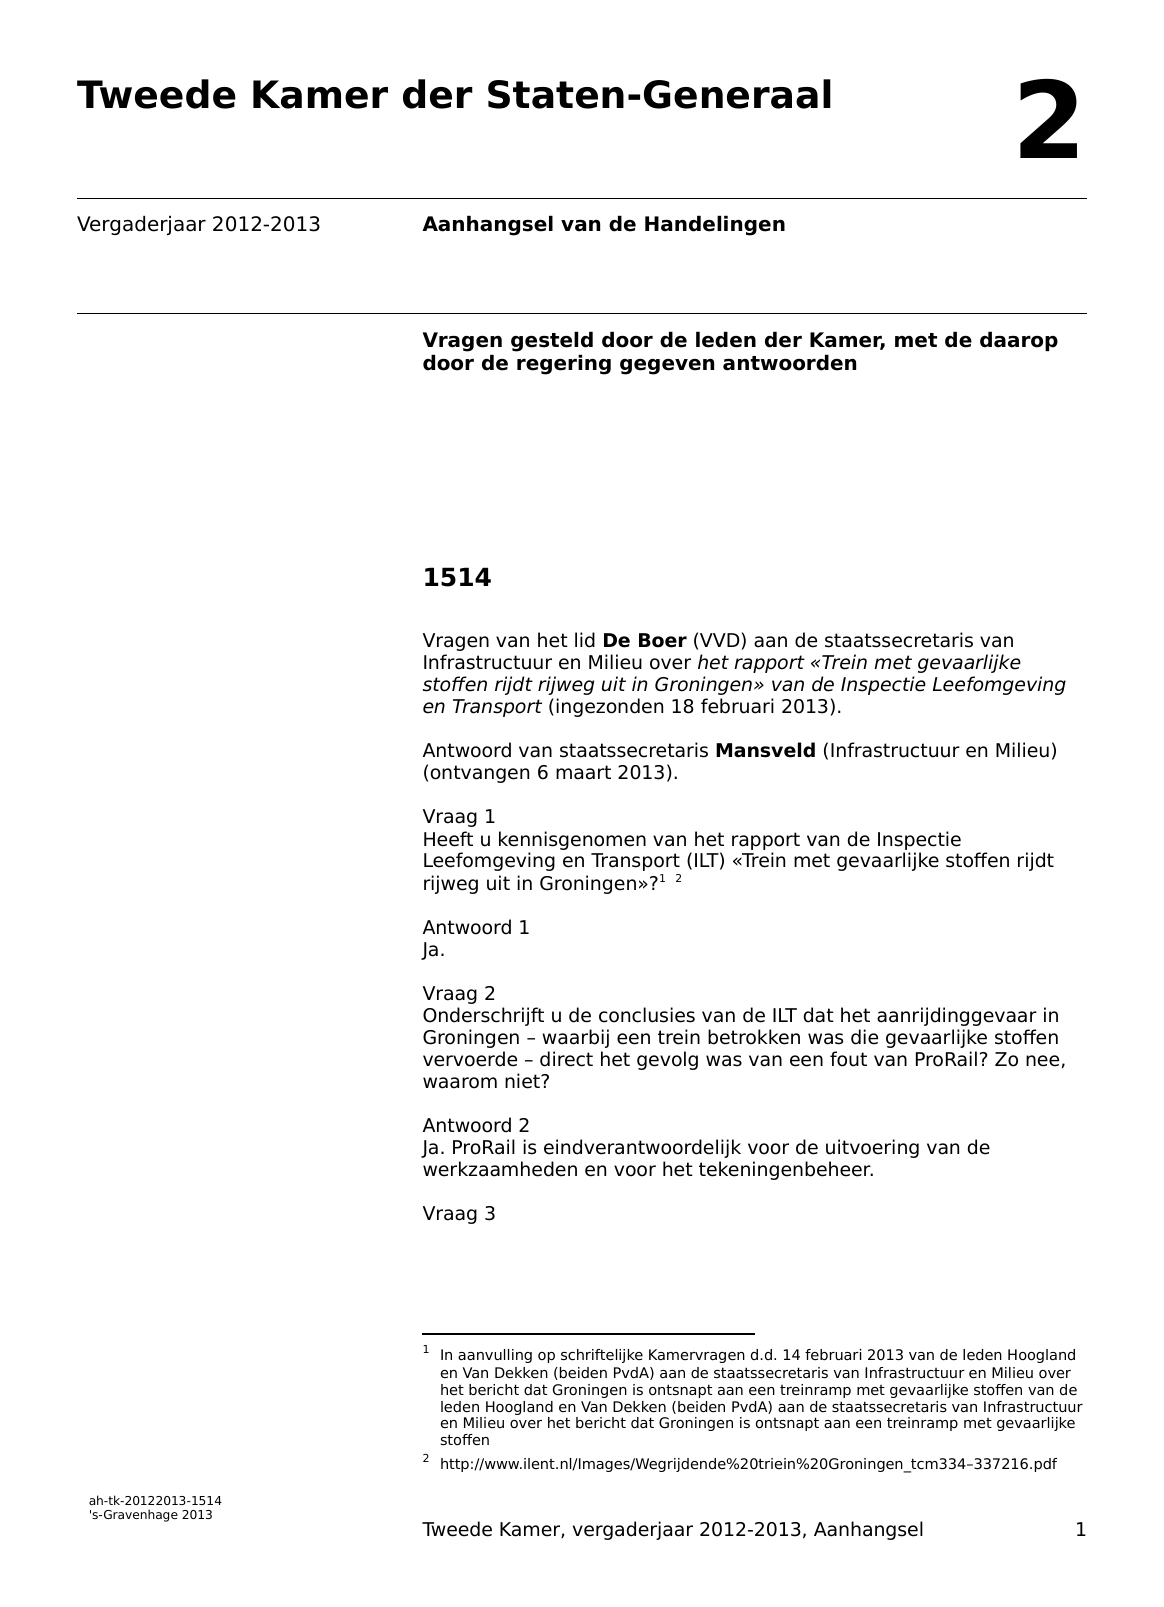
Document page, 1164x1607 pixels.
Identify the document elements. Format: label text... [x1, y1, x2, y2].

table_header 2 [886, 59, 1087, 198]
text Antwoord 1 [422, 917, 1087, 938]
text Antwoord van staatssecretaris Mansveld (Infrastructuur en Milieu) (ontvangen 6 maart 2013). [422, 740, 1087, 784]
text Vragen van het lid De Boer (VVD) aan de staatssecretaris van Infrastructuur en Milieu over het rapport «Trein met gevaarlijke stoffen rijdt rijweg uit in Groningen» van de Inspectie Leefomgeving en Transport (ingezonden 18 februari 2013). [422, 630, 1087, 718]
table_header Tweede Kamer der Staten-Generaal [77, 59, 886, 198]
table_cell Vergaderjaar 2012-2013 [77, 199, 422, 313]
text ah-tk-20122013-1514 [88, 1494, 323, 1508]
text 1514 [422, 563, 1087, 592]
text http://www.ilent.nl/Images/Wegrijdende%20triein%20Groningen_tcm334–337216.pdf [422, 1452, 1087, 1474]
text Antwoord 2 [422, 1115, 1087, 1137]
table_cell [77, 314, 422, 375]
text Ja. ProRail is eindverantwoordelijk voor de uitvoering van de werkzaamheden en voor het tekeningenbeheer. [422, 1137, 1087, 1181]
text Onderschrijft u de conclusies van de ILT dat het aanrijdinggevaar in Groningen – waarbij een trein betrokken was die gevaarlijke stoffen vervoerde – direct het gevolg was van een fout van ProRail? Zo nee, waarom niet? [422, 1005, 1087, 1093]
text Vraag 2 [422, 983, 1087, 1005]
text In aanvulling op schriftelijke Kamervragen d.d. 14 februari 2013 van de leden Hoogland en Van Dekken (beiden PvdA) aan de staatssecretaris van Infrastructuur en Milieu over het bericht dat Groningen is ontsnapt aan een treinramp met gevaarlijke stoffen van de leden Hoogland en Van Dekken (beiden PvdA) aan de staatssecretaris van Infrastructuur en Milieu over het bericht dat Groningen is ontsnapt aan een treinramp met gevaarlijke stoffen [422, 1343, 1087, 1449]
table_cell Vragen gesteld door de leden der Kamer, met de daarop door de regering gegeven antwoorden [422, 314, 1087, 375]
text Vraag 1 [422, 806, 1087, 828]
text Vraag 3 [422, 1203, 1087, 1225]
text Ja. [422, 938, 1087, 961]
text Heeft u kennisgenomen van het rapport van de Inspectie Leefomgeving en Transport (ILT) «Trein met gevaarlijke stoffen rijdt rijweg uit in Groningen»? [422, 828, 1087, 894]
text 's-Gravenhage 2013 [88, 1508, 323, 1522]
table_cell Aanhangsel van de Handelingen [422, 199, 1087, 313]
■ ■ ■ ■ ■
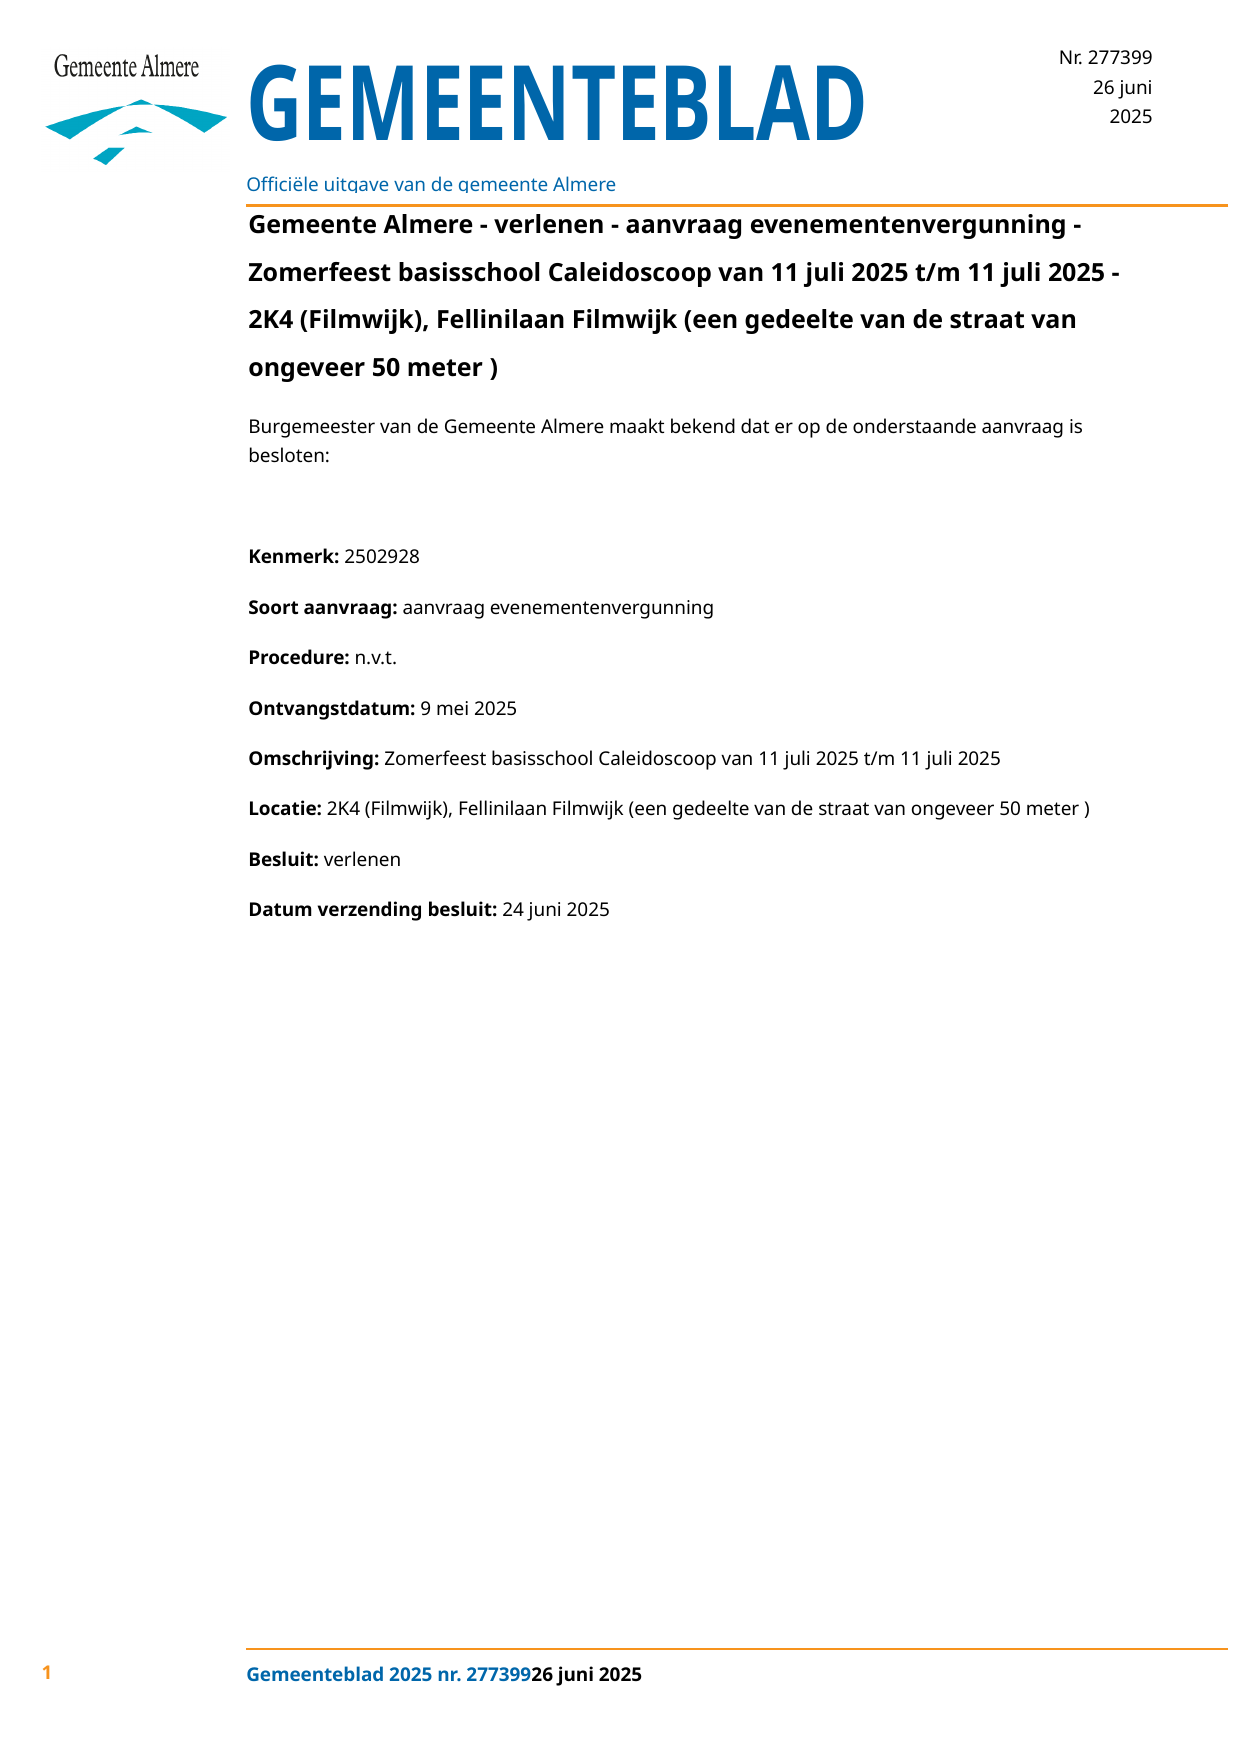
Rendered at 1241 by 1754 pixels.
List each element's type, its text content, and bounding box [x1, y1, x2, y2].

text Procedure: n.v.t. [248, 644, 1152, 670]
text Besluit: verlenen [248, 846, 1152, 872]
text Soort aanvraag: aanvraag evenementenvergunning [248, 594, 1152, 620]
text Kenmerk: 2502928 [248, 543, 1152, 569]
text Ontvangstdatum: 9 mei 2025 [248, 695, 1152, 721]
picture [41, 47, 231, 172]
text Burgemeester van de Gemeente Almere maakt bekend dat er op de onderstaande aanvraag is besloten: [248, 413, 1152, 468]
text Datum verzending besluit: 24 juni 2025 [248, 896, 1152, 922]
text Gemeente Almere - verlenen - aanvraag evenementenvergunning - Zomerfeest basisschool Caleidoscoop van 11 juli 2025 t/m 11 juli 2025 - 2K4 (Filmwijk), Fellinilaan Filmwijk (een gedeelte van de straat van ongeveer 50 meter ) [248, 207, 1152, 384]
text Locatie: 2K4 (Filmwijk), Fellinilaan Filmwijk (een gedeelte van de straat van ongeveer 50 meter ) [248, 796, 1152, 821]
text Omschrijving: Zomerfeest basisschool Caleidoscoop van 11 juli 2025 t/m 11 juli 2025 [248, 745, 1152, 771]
■ ■ ■ ■ ■
Each line of the records above that contains the word "Leefomgeving" should be counted; give the resulting number without further words.

_Response box_: 2